Problem 3 (Wonnacott and Wonnacott, problem 13-11)
To determine the effect of the various influences on land value in Florida, the sale price of residential lots in the Kissimmee River Basin was regressed on several factors. With a data base of n=316 lots, the following multiple regression was calculated (Conner et al., 1973; via Anderson and Sclove, 1978):
Yhat = 10.3 - 1.5*X1 - 1.1*X2 - 1.34*X3 + ...
where
Y = price per front foot (in dollars)
X1 = year of sale (X1=1,...,5 for 1966,...,1970)
X2 = lot size (acres)
X3 = distance from the nearest paved road (miles)
- Other things being equal, such as year of sale and distance from the nearest paved road, was the price (per front foot) of a 5 acre lot more or less than a 2 acre lot? How much?
- Other things being equal, how much higher was the price (per front foot) if the lot was 1/2 mile closer to the nearest paved road?
- Was the average selling price of a lot (per front foot) higher in 1970 than in 1966? How much?
Problem 4 (Wonnacott and Wonnacott, problem 14-1)
To help firms determine which of their executive salaries might be out of line, a management consultant fitted the following multiple regression equation from a data base of 270 executives under the age of 40:
SAL = 43.4 + 1.24*EXP + 3.60*EDUC + 0.74*MALE
(0.30) (1.20) (1.10)
residual standard deviation s=16.4
where
SAL = the executive's annual salary ($000)
EDUC = number of years of post-secondary education
EXP = number of years of experience
MALE = dummy variable, coded 1 for male, 0 for female
- From this regression a firm can calculate the fitted salary of each of its executives. If the actual salary is much lower or higher, it can be reviewed to see whether it is appropriate.
Fred, who's 32, has been with the firm since he was 25; his annual salary is $126,000 annually. He got a 2-year MBA, following a 4-year undergraduate degree.
- What is Fred's fitted salary?
- How many standard deviations is his actual salary away from his fitted salary? Would you therefore call his salary exceptional?
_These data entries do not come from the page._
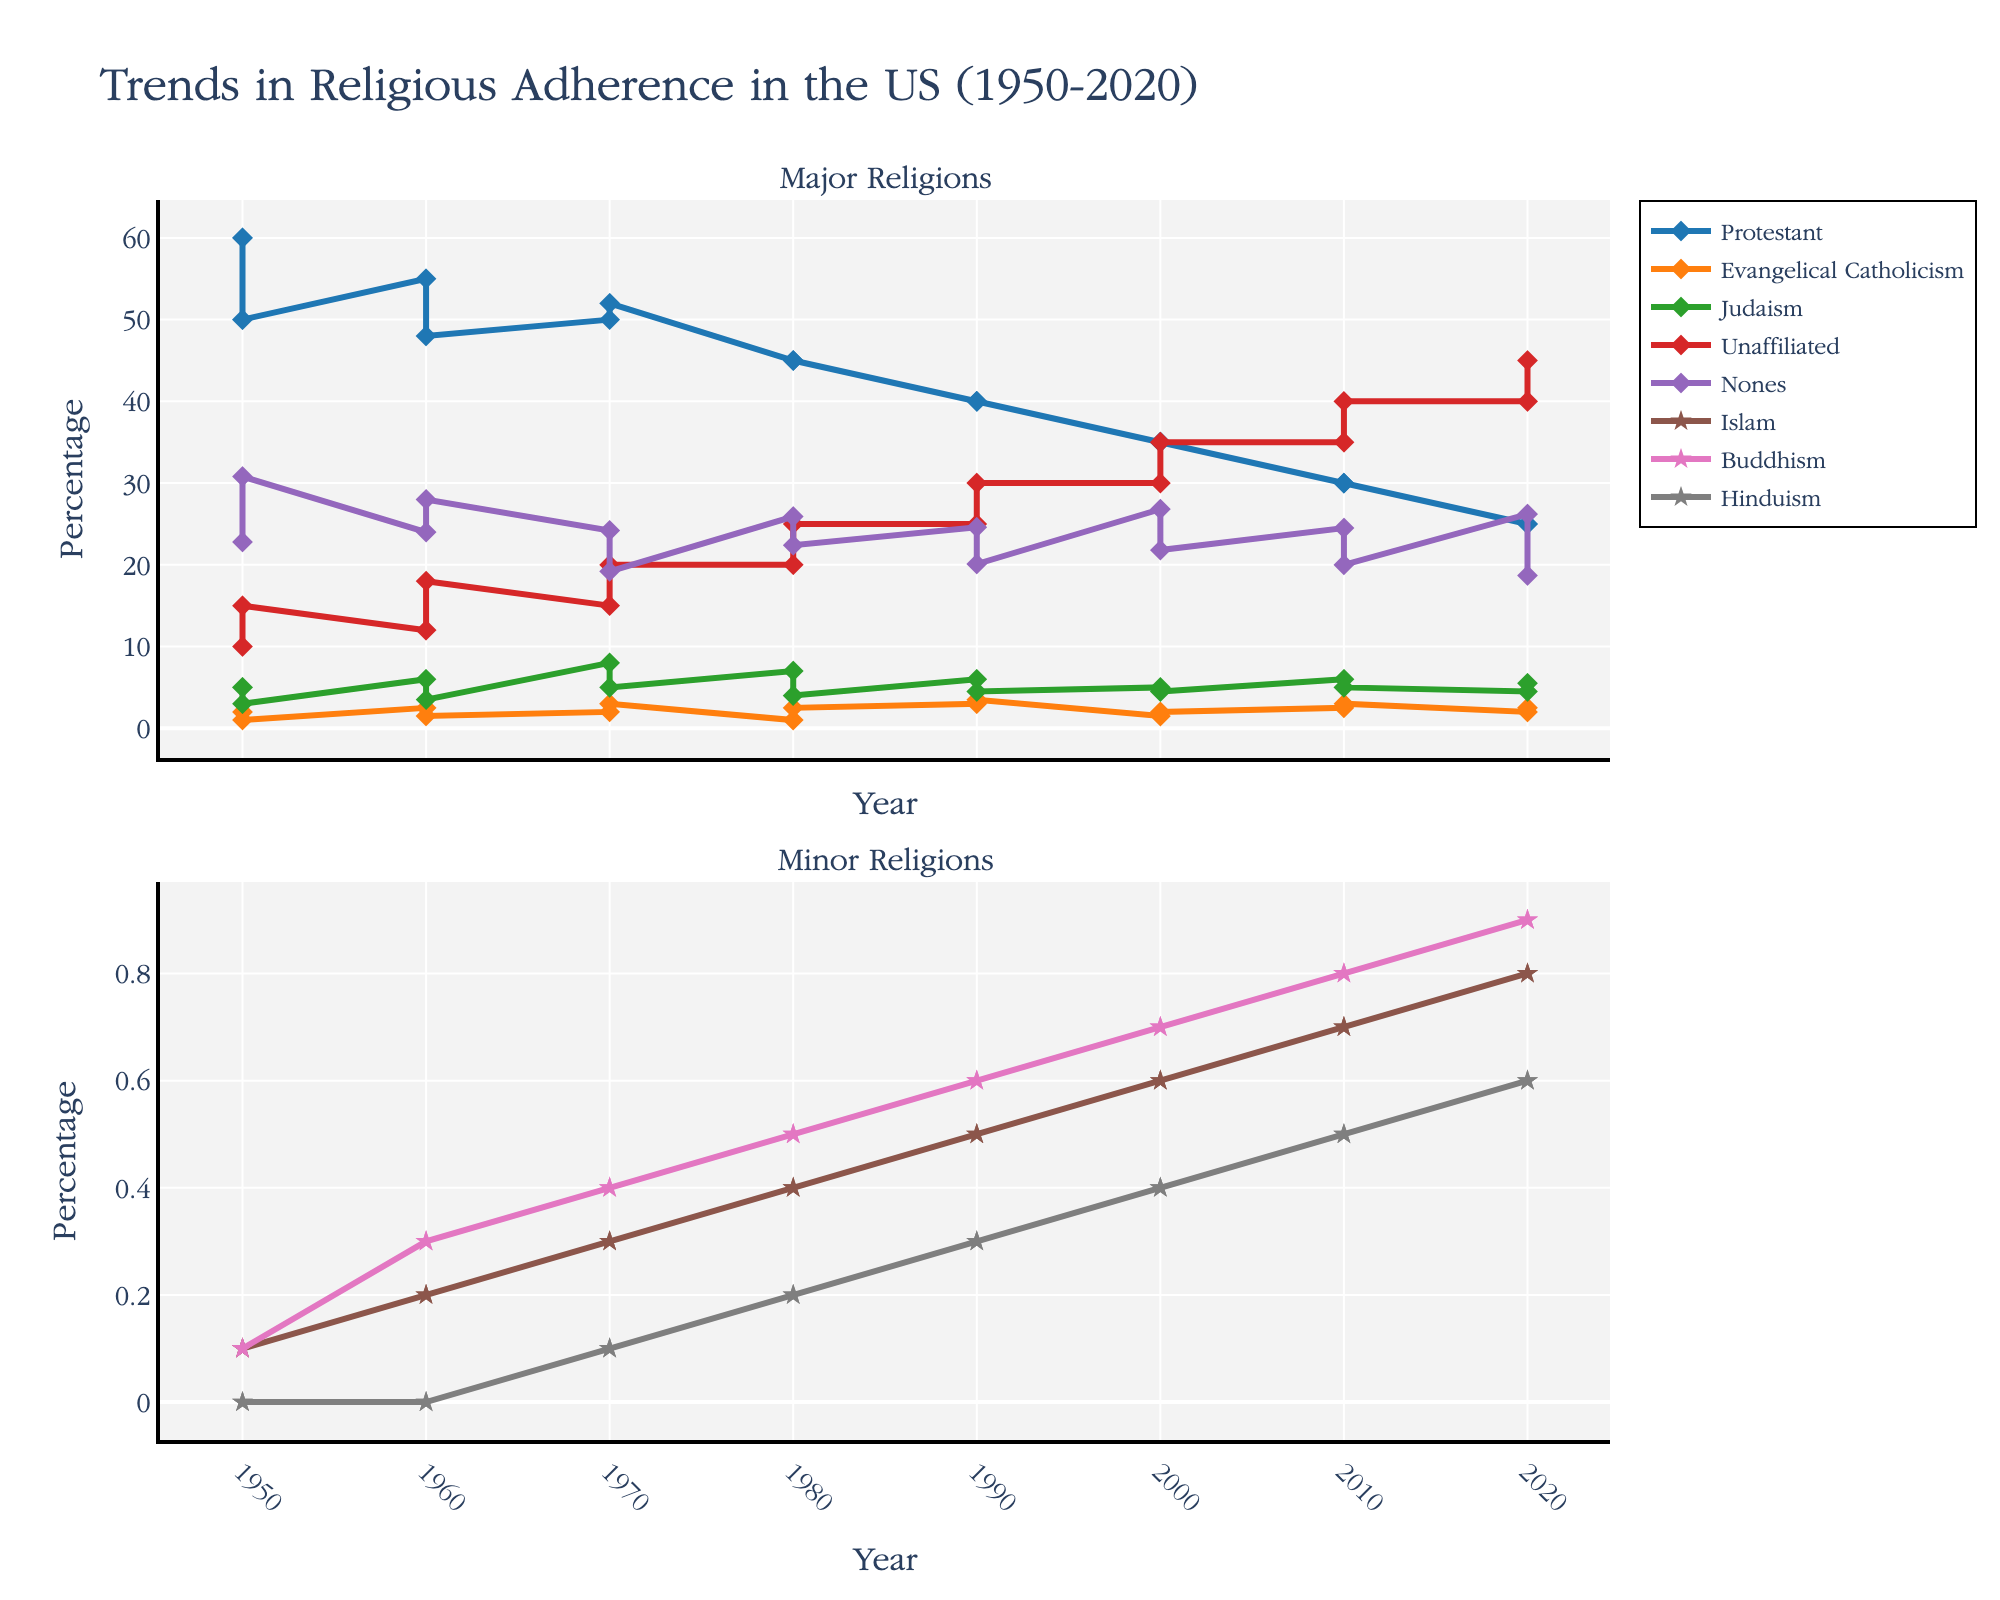What's the title of the figure? The title is usually located at the top of the figure and provides a concise description of what the figure represents. In this case, the title is "Trends in Religious Adherence in the US (1950-2020)".
Answer: Trends in Religious Adherence in the US (1950-2020) Which major religion has shown the most notable decline from 1950 to 2020? By looking at the lines representing major religions in the first subplot, you can see which one has the steepest downward trend. Protestant adherence declines notably from around 60% to 25%.
Answer: Protestant What is the difference in the percentage of people who identify as Protestant and those who identify as unaffiliated in 2020? Find the values for Protestant and Unaffiliated in 2020, which are 25% and 40% respectively, and subtract the Protestant value from the Unaffiliated value: 40 - 25 = 15
Answer: 15 Which minor religion shows the highest increase over the time period? By examining the lines in the second subplot that represent minor religions, you can see which line increases the most. Islam shows a steady increase from 0.1% to 0.8%.
Answer: Islam How does the trend of individuals identifying as "Nones" change from 1950 to 2020? By looking at the line representing Nones, you can track the increasing trend, where it rises from 22.8% in 1950 to 26.2% in 2020.
Answer: It increases In which decade does the significant growth in unaffiliated identify begin? By observing the subplot for major religions, note when the Unaffiliated category starts to show a marked increase in the slope of the line. It begins its significant growth in the 1980s.
Answer: 1980s Compare the trends in Evangelical Catholicism and Buddhism between 1950 and 2020. Which has grown more? Consider the slopes of the lines for Evangelical Catholicism and Buddhism. Evangelical Catholicism rises from 2% to 2.5%, and Buddhism rises from 0.1% to 0.9%. Buddhism has grown more.
Answer: Buddhism Which ethnicity shows the highest adherence to Protestantism in every recorded year? By cross-referencing the Ethnicity data points on the time series plot, it is evident that the White ethnicity consistently has the highest Protestant adherence.
Answer: White

- Closer inspection of his record showed that he spent 2 years studying at Oxford as a Rhodes Scholar before obtaining his MBA. In light of this info, recalculate your answers to the previous 2 questions.
- In addition to identifying unusual slaries in specific firms, this regression can be used to answer questions about the economy-wide structure of executive salaries in all firms. For example,
- Is there evidence of sex discrimination?
- Is it fair to say that each year's education (beyond high school) increases the income of the average executive by $3600 a year?
Problem 5 (Wonnacott and Wonnacott, problem 14-18)
Suppose a study of quantity supplied as a function of price gave the following regression:
log(Q) = 5.2 + 1.3*log(P)
For this question, keep in mind that a change in log(X) is approximately equal to relative change in X itself.
- If price increased by 3%, by about how much would the quantity supplied increase?
- What price increase would be required to increase the quantity supplied by 10%?